- Parashkol Location in West Bengal, India Parashkol Parashkol (India)
- Coordinates: 23°38′29.0″N 87°11′22.2″E﻿ / ﻿23.641389°N 87.189500°E
- Country: India
- State: West Bengal
- District: Paschim Bardhaman

Area
- • Total: 6.80 km^{2} (2.63 sq mi)

Population (2011)
- • Total: 11,112
- • Density: 1,600/km^{2} (4,200/sq mi)

Languages*
- • Official: Bengali, Hindi, English
- Time zone: UTC+5:30 (IST)
- PIN: 713322
- Telephone/STD code: 0341
- Vehicle registration: WB
- Website: paschimbardhaman.co.in

= Parashkol =

Parashkol is a census town located partly in the Pandabeswar CD block and partly in the Andal CD block of the Durgapur subdivision in the Paschim Bardhaman district in the Indian state of West Bengal.

==Geography==

===Location===
Konardihi, Nabgram, Chak Bankola, Sankarpur, Haripur, Bahula, Chhora and Parashkol form a cluster of census towns in the southern portion of Pandabeswar CD block.

===Urbanisation===
According to the 2011 census, 79.22% of the population of the Durgapur subdivision was urban and 20.78% was rural. Durgapur subdivision has 1 municipal corporation at Durgapur and 38 (+1 partly) census towns (partly presented in the map alongside; all places marked on the map are linked in the full-screen map).

==Demographics==
According to the 2011 Census of India the portion of Parashkol in Pandabeswar CD block had a total population of 10,367, of which 5,483 (53%) were males and 4,884 (47%) were females. Population in the age range 0–6 years was 1,223. The total number of literate persons in this portion of Parashkol was 6,470 (70.76% of the population over 6 years). The portion of Parashkol in Andal CD block had a total population of 845, of which 480 (57%) were males and 365 (43%) were females.
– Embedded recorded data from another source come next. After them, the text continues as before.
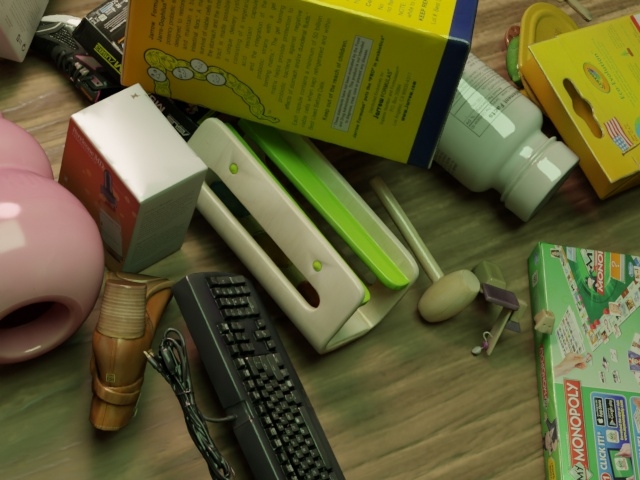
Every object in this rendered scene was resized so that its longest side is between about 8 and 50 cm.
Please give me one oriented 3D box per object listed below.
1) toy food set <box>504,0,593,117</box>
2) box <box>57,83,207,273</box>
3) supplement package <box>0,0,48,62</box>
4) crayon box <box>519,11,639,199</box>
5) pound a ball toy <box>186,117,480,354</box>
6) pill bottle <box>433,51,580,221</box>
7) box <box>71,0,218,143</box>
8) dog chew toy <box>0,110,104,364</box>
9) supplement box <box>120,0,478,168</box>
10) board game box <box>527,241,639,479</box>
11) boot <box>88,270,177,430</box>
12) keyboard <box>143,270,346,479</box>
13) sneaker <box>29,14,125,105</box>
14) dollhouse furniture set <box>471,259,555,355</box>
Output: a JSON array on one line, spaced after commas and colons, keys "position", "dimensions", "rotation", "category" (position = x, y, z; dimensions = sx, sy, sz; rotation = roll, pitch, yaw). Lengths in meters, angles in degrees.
[{"position": [0.288, -0.235, 1.902], "dimensions": [0.128, 0.071, 0.218], "rotation": [28, 54, -28], "category": "toy food set"}, {"position": [-0.209, -0.061, 1.579], "dimensions": [0.091, 0.170, 0.130], "rotation": [-30, 71, -29], "category": "box"}, {"position": [-0.402, -0.379, 1.641], "dimensions": [0.198, 0.199, 0.262], "rotation": [16, 72, 10], "category": "supplement package"}, {"position": [0.387, -0.177, 1.828], "dimensions": [0.318, 0.081, 0.202], "rotation": [-19, 75, -40], "category": "crayon box"}, {"position": [0.000, 0.000, 1.650], "dimensions": [0.319, 0.136, 0.208], "rotation": [49, 34, 15], "category": "pound a ball toy"}, {"position": [0.196, -0.134, 1.767], "dimensions": [0.229, 0.131, 0.131], "rotation": [41, 57, 10], "category": "pill bottle"}, {"position": [-0.169, -0.227, 1.711], "dimensions": [0.184, 0.045, 0.190], "rotation": [45, 42, -5], "category": "box"}, {"position": [-0.357, -0.036, 1.512], "dimensions": [0.207, 0.206, 0.332], "rotation": [-15, 57, -24], "category": "dog chew toy"}, {"position": [-0.016, -0.250, 1.588], "dimensions": [0.357, 0.195, 0.194], "rotation": [16, 48, 0], "category": "supplement box"}, {"position": [0.358, 0.159, 1.689], "dimensions": [0.214, 0.046, 0.317], "rotation": [7, 58, -11], "category": "board game box"}, {"position": [-0.204, 0.112, 1.524], "dimensions": [0.073, 0.197, 0.152], "rotation": [8, 94, 7], "category": "boot"}, {"position": [-0.071, 0.175, 1.492], "dimensions": [0.201, 0.033, 0.317], "rotation": [-7, 66, -52], "category": "keyboard"}, {"position": [-0.266, -0.201, 1.708], "dimensions": [0.178, 0.072, 0.077], "rotation": [22, 57, -2], "category": "sneaker"}, {"position": [0.210, 0.086, 1.701], "dimensions": [0.091, 0.081, 0.114], "rotation": [18, 23, -13], "category": "dollhouse furniture set"}]
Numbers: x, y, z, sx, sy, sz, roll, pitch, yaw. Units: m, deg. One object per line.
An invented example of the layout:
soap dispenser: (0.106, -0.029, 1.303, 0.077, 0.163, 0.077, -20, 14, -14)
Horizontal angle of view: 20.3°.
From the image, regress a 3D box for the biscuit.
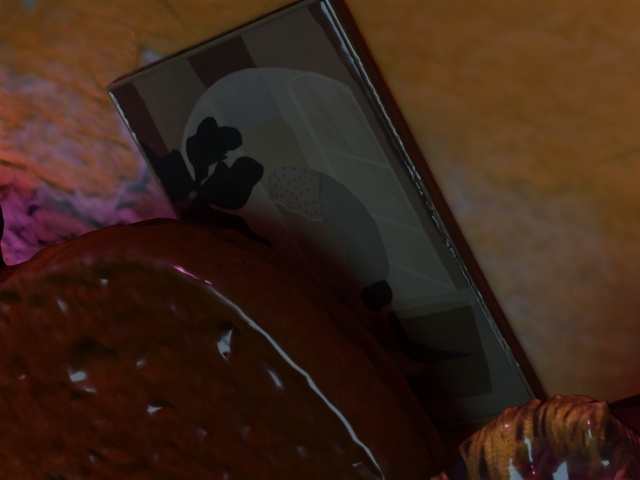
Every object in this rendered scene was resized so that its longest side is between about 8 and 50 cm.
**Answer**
biscuit: (-0.092, 0.129, 0.883, 0.394, 0.070, 0.350, -23, 99, 44)

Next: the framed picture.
framed picture: (0.000, 0.000, 0.784, 0.136, 0.010, 0.201, -17, 108, 41)

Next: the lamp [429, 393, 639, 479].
lamp: (0.135, 0.155, 0.644, 0.247, 0.247, 0.247, 17, 126, 25)

Population in the age range 0–6 years was 80. The total number of literate persons in this portion of Parashkol was 625 (81.70% of the population over 6 years).

- For language details see Andal (community development block)#Language and religion

As of 2001 India census, Parashkol had a population of 10,989. Males constitute 56% of the population and females 44%. Parashkol has an average literacy rate of 57%, lower than the national average of 59.5%: male literacy is 68%, and female literacy is 44%. In Parashkol, 14% of the population is under 6 years of age.

==Infrastructure==

According to the District Census Handbook 2011, Bardhaman, Parashkol covered an area of 0.07+6.73 km^{2}. Among the civic amenities, the protected water-supply involved overhead tank, tap water from treated sources, hand pump, tubewell, borewell. It had 75+856 domestic electric connections. Among the educational facilities it had were 4+1 primary schools, 0+3 middle schools, 0+1 secondary school, the nearest senior secondary school at Andal 7 km away. Among the important commodities it produced were paddy, bricks, vegetables.

==Economy==
It is in the heart of the coal mining zone.

As per ECL website telephone numbers, operational collieries in the Kajora Area of Eastern Coalfields in 2018 are: Central Kajora Colliery, Jambad OCP, Jambad UG, Khas Kajora Colliery, Lachipur Colliery, Madhusudanpur Colliery, Madhabpur Colliery, Naba Kajora Colliery and Porascole Colliery.

==Education==
Parashkol has two primary schools.

==Healthcare==
Medical facilities in the Kajora Area of ECL are available at Kajora Area Dispensary (Kajora Morh, PO Kajoragram), Madhusudanpur Colliery (PO Dakshin Khanda), Naba Kajora (PO Kajora Gram), Jambad (UG) (PO Parasea), Madhabpur (PO Kajoragram), Parascole (E&W) (PO Parascole), Khas Kajora (PO Kajoragram), Lachipur (PO Kajoragram), Central Kajora (PO Kajoragram), Jambad OCP (PO Parasea).